Los anguleros utilizan una infusión de tabaco para sacrificarlas, no sé la marca, tampoco si usan rubio o negro. La razón esgrimida es que esta poción consigue desprender la babilla y mucosidad que van produciendo.

Primero se cuece levemente el tabaco y se cuela, dejándose enfriar. Después se sumergen en la infusión las angulas con un colador y en diez minutos todas han fallecido. Ya lo decía mi padre, el tabaco mata.

El debate en blanco y negro

Para los neófitos hay dos tipos de angulas: de lomo blanco y de lomo negro. Lo cierto es que se trata del mismo pez. La diferencia de color estriba en el tiempo de maduración y el lugar en el que han vivido antes de su captura.

Así las negras llevan más tiempo en las rías o en pozas con aguas removidas, comenzando su lógica evolución biológica fortaleciendo su espina. De esta forma, la textura es mayor. Otra cosa es la cuestión del gusto, que como en otras lides, cada uno tiene sus preferencias.

Al borde de la extinción

Una de las causas de su alto precio, es sin duda el grave descenso de la población, al margen de las técnicas de mercadotecnia que generan en los clientes la sensación de que por ser caro es exclusivo.

Subrayo el hecho de que muchos gastrónomos tildan a la angula como un auténtico misterio, pues las consideren un plato insulso e insípido.
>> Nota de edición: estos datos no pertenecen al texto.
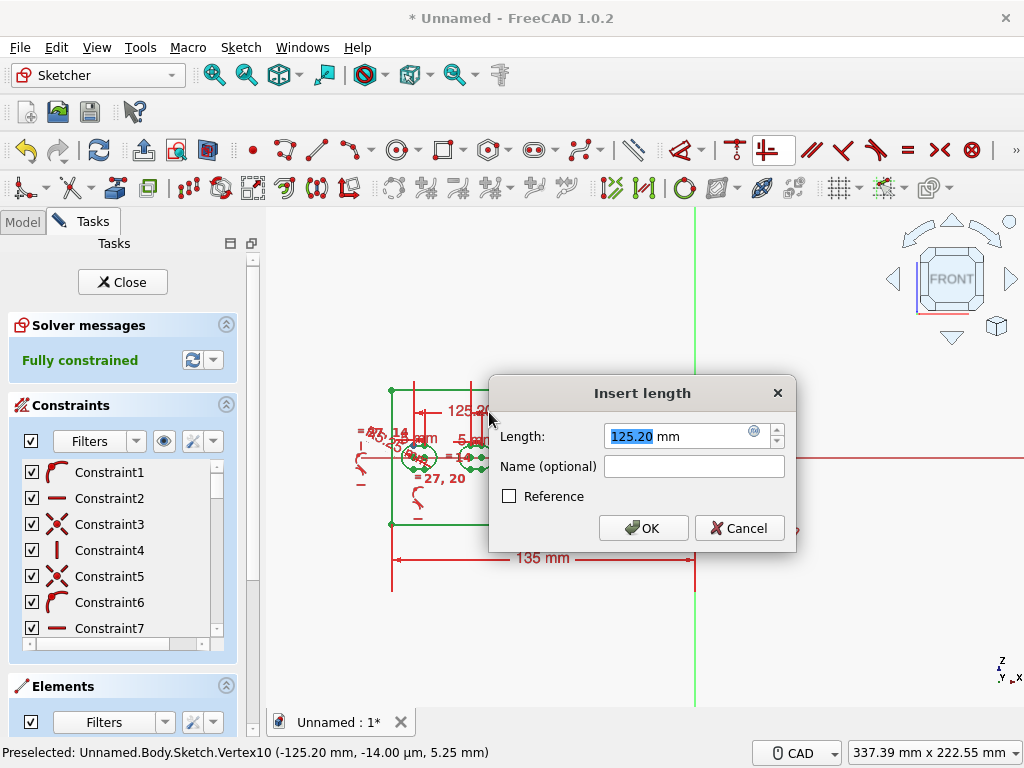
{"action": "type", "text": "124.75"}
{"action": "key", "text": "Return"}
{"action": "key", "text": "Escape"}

Soso o sin gracia, lo cierto es que su población ha menguado hasta un serio peligro de extinción, fuera de los límites biológicos de seguridad. Esto hizo que nacieran las gulas.

Las angulas sin “an” y sin “ojos”

Angulas Chef Koketo

Una de las empresas nacionales dedicadas a la venta de las angulas es la famosa compañía “Angulas Aguinaga“.  A finales del siglo fueron conscientes de que el volumen de la comercialización estaba tocando fondo. La escasa captura y los altos precios que alcanzaban en el mercado les obligaron a realizar un replanteamiento de su actividad y se dispusieron a invertir en I+D, una tendencia poco habitual en nuestro país. El producto final de estas pesquisas fue la gula®. Un sucedáneo popular bien conocido por todos. El surimi (músculo de pescado picado) que aplaca la nostalgia sin hacer daño a nuestra economía.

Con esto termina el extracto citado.